I know. I don't understand these people. How the hell am I supposed to know if pasta primavera tastes better with Asparagus or sundried tomatoes? Why am I even given that choice? I don’t even know how much sugar to put in a cup of coffee!
The restaurant management expects waiters to go through a checklist during the ordering process. They charge a lot for extra maple syrup, slices of bread, bottled water, chocolate chips etc. So it is in their interest to make you lick some honey.
The list was endless. Where I come from, if you order a Masala Dosa and filter coffee, you will get Masala Dosa and filter coffee. That’s it. No questions asked. End of transaction!
But this guy was going on and on with his questions. It brought back repressed memories of walking into lab viva exams without any preparation.
Did you say anything to the waiter?
No. I just nodded... giving the waiter full freedom to interpret the nods as he deemed fit and he was tapping the order into his iPhone.
The waiter had an iPhone?
Yeah, he places the order in his iPhone and the chef wirelessly receives it
That sounds efficient
Yes, it is. We got our order in 43 minutes instead of the usual 45. I bet some MBA fellow has taken credit for this "innovation" by writing "Analysed and identified bottlenecks in the ordering process and suggested strategies that improved efficiency by 8%" in his resume!
Haha... yes, I am sure. What did you guys do for forty minutes?
Oh the usual, people were discussing other people’s status updates.
Isn’t that weird? Humans used to talk about their real lives on social networks. Now they’re talking about social network updates in real life. When did that switch happen?
I don’t know. It was quite subtle. And when the food finally arrived, the buzz of the conversation died down and the posh restaurant pre-meal ritual began.
What is that?
Just after the food is served, everyone sits in quiet attention and inspects the food warmly from different angles. Once they have seen everyone's plate and the contents, they bring their arms together in position to…
...to pray before every meal?
No… they bring their arms together in position to take pictures of the food with their smartphones and uploaded them with the caption, “Yum!”
Wait. How did they know that the food was yummy even before tasting it?
No, you don’t understand. It doesn't have to be good. It just has to be photogenic. You don’t have to have fun. You just have to look like you’re having fun. At a fundamental level, that is all that matters.
Come on, you’re being harsh.
Oh yeah? How else do you explain Youtube videos of amazing live concerts with everyone in the audience holding up a dumb camera above their heads? I mean there are fireworks in the sky, awesome laser patterns in the air in sync with the wonderful music but these people are looking into their four inch Handycam screens instead!
What is this obsession to archive every moment of your lives as it happens? Why do you want all your memories to reside on a 2 TB hard disk full of shitty footage with bad sound recording?
Yeah, why can’t they just use their brains and have memories?
Last year, I saw a family recording their Diwali celebrations.
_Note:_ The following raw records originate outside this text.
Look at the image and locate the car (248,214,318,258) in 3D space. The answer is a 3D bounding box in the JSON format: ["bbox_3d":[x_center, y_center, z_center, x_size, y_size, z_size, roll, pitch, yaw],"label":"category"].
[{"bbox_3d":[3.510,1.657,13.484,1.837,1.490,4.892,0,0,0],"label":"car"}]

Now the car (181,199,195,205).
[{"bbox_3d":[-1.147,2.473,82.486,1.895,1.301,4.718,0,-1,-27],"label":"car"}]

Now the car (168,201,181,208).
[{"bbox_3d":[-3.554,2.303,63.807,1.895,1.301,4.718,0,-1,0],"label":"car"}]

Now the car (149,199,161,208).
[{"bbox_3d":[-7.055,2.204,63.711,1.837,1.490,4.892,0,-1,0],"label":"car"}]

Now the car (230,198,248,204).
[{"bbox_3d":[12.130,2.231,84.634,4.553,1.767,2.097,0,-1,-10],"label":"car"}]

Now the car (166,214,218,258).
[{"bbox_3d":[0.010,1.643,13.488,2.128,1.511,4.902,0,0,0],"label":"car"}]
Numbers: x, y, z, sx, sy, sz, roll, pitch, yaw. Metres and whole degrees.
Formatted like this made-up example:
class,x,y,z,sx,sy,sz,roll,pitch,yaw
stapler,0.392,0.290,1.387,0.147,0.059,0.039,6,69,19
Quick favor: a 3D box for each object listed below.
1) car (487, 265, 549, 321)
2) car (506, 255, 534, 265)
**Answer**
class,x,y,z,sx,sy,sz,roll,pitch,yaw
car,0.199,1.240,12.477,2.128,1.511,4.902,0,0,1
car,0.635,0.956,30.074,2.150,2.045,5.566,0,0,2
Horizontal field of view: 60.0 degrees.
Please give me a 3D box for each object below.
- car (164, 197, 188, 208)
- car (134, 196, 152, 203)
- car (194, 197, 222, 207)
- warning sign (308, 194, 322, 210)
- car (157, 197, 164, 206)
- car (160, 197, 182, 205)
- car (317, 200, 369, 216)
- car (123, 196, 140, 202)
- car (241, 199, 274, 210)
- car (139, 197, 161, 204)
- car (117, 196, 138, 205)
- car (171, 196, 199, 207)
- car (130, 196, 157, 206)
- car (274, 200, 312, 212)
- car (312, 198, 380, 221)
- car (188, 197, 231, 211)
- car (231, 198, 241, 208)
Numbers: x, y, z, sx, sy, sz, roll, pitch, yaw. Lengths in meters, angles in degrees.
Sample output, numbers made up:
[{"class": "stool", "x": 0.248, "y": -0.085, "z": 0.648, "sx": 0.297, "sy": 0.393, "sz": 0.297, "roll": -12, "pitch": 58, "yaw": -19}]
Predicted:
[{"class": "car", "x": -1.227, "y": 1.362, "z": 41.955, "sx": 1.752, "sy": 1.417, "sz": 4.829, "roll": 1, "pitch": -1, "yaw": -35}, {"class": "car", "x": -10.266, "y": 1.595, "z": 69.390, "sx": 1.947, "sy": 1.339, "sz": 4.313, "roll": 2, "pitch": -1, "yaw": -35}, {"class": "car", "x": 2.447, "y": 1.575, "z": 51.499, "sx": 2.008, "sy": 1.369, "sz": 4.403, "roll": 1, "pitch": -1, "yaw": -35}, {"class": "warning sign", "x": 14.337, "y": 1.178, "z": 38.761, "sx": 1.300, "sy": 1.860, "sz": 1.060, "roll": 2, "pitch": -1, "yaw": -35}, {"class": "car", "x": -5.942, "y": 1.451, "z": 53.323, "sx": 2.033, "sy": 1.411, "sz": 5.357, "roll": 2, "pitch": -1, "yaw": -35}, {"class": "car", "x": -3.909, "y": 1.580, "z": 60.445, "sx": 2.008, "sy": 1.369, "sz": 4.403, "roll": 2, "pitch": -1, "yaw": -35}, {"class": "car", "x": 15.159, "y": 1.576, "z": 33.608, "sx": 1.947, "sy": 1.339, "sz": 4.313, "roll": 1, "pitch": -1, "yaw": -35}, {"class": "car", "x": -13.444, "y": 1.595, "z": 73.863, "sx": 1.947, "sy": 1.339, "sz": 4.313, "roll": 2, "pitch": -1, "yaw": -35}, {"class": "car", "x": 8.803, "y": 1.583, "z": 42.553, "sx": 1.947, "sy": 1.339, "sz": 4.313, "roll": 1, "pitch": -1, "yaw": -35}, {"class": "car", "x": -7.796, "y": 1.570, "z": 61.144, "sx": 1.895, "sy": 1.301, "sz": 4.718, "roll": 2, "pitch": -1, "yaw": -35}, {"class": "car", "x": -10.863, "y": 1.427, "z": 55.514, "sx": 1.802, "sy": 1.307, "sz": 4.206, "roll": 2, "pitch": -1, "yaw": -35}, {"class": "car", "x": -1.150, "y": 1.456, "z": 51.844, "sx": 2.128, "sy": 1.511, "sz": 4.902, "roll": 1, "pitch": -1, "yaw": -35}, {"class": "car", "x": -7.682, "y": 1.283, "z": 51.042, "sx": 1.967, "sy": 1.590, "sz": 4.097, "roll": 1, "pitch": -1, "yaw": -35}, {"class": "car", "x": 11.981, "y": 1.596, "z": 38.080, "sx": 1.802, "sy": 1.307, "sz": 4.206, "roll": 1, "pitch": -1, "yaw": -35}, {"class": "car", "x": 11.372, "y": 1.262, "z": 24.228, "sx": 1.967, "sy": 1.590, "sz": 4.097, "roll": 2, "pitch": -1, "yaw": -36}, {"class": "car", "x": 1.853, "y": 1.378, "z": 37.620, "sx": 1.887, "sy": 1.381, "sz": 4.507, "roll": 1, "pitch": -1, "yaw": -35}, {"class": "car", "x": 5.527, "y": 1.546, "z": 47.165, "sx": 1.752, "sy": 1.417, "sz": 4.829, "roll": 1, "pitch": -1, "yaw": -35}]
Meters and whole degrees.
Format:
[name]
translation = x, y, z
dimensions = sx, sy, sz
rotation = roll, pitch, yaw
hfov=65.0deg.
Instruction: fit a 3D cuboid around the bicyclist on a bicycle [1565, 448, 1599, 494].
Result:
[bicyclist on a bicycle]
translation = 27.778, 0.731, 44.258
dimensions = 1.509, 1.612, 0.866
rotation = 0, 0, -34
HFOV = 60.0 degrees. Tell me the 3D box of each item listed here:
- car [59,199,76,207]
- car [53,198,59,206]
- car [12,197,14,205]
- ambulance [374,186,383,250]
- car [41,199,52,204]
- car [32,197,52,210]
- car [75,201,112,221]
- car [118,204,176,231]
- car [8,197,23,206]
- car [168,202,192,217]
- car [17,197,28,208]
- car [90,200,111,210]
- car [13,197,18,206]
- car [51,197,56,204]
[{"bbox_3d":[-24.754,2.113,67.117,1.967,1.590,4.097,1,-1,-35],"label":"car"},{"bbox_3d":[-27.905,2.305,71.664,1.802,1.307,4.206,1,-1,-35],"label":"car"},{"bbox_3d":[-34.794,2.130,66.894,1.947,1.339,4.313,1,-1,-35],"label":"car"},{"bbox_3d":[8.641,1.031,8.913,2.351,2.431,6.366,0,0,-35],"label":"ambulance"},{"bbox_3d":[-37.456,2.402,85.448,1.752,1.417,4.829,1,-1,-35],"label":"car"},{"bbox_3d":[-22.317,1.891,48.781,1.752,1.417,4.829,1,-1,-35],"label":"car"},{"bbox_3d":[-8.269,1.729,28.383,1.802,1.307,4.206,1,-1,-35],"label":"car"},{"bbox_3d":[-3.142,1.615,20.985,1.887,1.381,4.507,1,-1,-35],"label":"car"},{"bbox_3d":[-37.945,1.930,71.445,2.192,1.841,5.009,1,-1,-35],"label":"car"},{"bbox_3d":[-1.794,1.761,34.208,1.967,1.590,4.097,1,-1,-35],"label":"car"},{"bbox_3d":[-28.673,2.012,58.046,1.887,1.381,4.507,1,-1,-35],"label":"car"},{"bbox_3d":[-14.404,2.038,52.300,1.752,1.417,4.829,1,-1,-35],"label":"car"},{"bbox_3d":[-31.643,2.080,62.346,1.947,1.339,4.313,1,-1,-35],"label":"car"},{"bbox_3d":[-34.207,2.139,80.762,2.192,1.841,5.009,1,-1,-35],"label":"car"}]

Now most cameras are not particularly good at capturing fireworks at night, so all the family members were taking turns trying to figure out the right setting which they were not able to.
The kids who were bursting crackers till then were more now interested in capturing pictures of firecrackers instead. An hour into the celebrations, they were all frustrated with their mediocre photography skills. They complained that the camera was not a DSLR, gave up on the celebrations and went back inside to watch TV. That’s their Diwali! Can you believe that?
If you’re ruining the environment, at least have some real fun in the process you idiots!
It's one of most depressing sights – people desperately trying to have fun. You can see that in malls all the time. At some level, they see the they the plastic soullessness character of the environment. But on the other hand they are spending so much money, so they're all "Whee!" and "Yaay!" with half-baked enthusiasm.
Truly happy people don’t go around telling other people how happy they are. They just are! Why is it so hard for you humans to grasp such simple things? Learn a little something from cats. We remember all our awesome purring sessions but we don’t go around telling every remote acquaintance what was an awesome purr it was. We just lick the back our paws and purr a little more in satisfaction.
You're a pet cat. You have nothing else to do.
Anyway, this decadence of your civilization is not at all surprising. It is the price you pay for rejecting your true religion.
What true religion?
Oh, shut up
I find your lack of faith disturbing *purr*
November 7, 2012
October 22, 2012
I logged into Facebook after almost a year and it looks like an airport trashcan.
I mean too much glossy crap. Just a year back Facebook had interesting articles, intelligent view-points and emoticon riddled discussions. We had good jokes, incisive articles, useful personal updates and lots of cat videos. It used to feel like a nice relaxing dinner party with intelligent conversations.
Now it is littered with people redeeming gift coupons, store sale reward points, massage parlour offers, phone recharge discounts, travel tickets, vacation packages, movie ticket stubs… What's with this sociopathic trend of celebrating consumption?
Why are you pissed?
I thought you at least had to be a Facebook tourist to be proud of your shopping based achievements but this guy just posted a picture of his wireless modem with the caption “My new wireless modem :D :D :D :D”!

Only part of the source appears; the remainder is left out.